Heat-related illness range from dangerous (heat stroke) to common (sunburn). From the Centers for Disease Control and Prevention, here are how to recognize and treat them.

Heat stroke

• High body temperature (103 degrees or higher)

• Hot, red, dry or damp skin

• Fast, strong pulse

• Headache

• Dizziness

• Nausea

• Confusion

• Losing consciousness (passing out)

What to do: Call 911 immediately. Once that's done, move the person to a cooler spot, if possible, and apply cool clothes or give them a cool bath.

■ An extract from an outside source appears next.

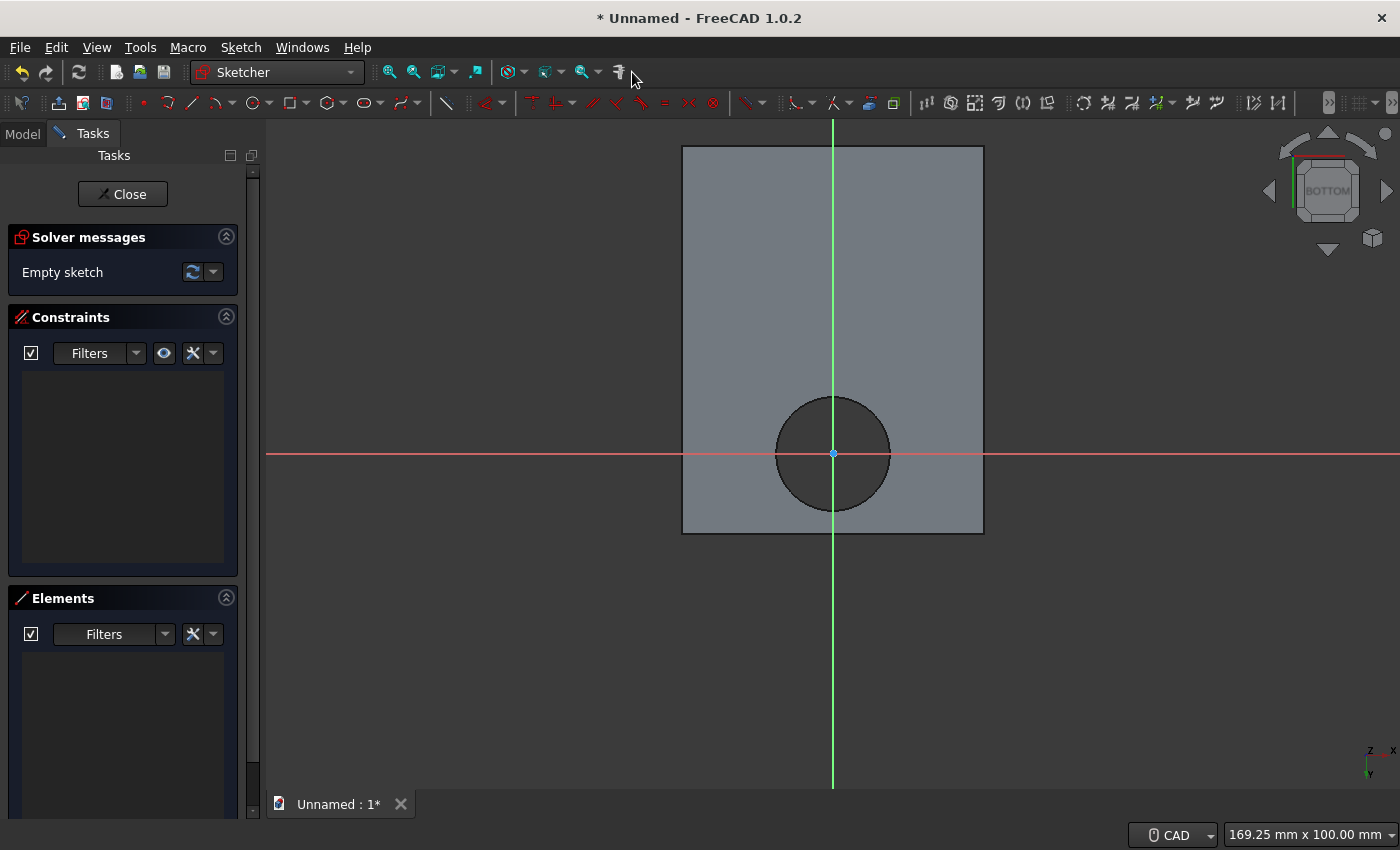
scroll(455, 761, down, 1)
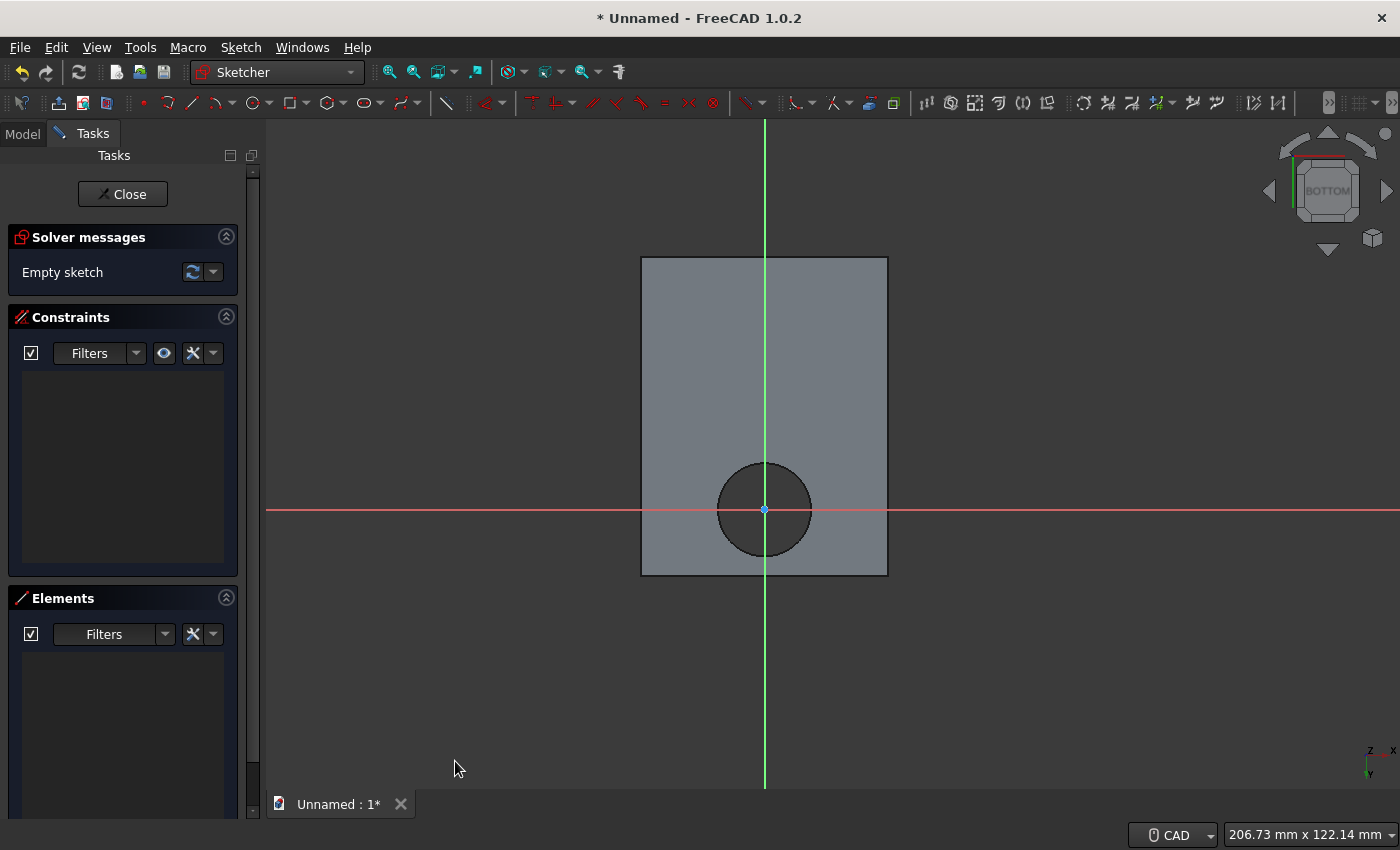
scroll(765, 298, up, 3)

Do not give them anything to drink.

Heat exhaustion

• Heavy sweating

• Cold, pale, and clammy skin

• Fast, weak pulse

• Nausea or vomiting

• Muscle cramps

• Tiredness or weakness

• Dizziness

• Headache

• Fainting (passing out)

What to do: Move to a cooler spot; loosen clothing; apply cool clothes or take a cool bath; sip water.

Heat cramps

• Heavy sweating during intense exercise

• Muscle pain or spasms

What to do: Otherwise, stop all physical activity until cramps go away; move to a cooler spot; drink water or a sports drink. If the cramps last more than an hour, you're on a low-sodium diet or you have heart problems, seek medical attention.


• Painful, red, and warm skin

• Blisters on the skin

What to do: Get out of the sun until the burn heals; apply cool clothes or take a cool bath; use lotion on burned areas; don't break blisters.

Heat rash

• Red clusters of small blisters that look like pimples on the skin (usually on the neck, chest, groin, or in elbow creases)

What to do: Stay in a cool, dry place; keep the rash dry; use baby powder to soothe the rash.